Microsoft Foundry provides an integrated environment for discovering, evaluating, deploying, and operating generative AI models. It brings together a rich model catalog, flexible deployment options, and built‑in governance capabilities so teams can build copilots, agents, and AI-powered applications with enterprise confidence.

Note

In order to use Microsoft Foundry, you need an Azure subscription. To utilize Foundry's capabilities, start by creating a project in Foundry. For more information, review Get started in Microsoft Foundry.

Discover models in Foundry's model catalog

Foundry's model catalog is a central hub for discovering and using a wide selection of generative AI models from an extensive range of providers. In Foundry, you can filter models by source, capabilities, inference tasks, and more. Foundry enables you to understand and compare model capabilities, as well as test and build scalable, secure, responsible AI solutions.

Note

The Foundry portal has a classic user interface (UI) and a new UI. Images of the Foundry portal reflect the new UI where it's relevant.

Screenshot of Foundry's model catalog with the new UI.

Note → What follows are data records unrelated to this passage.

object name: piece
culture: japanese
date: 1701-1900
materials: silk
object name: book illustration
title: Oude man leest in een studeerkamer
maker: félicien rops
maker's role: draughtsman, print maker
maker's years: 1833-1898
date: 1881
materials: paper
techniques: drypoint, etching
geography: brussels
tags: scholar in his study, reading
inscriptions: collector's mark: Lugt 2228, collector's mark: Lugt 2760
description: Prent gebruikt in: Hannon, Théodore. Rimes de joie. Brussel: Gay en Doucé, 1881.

The model catalog offers a broad selection of models including models sold directly by Azure alongside models from partners and open-source communities.

  • Models Sold Directly by Azure: These models are hosted by Microsoft under Microsoft Product Terms. They offer high levels of integration with Azure, enterprise-grade service level agreements (SLAs), preconfigured security, and compliance alignment.

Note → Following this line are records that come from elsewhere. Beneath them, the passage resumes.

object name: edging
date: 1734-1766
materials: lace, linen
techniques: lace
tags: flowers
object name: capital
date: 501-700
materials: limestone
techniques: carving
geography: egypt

  • Models from Partners and the Community: Includes open-source or vendor-hosted models integrated through the catalog. These models support broader experimentation and rapid innovation and are often suitable for specialized or domain‑specific tasks.

Each model entry typically includes:

  • Model descriptions and capabilities (text generation, reasoning, coding, multimodal, embeddings, etc.)
  • Benchmark results and performance comparisons
  • Supported inference tasks and fine‑tuning options
  • Responsible AI documentation (model cards, constraints, caveats)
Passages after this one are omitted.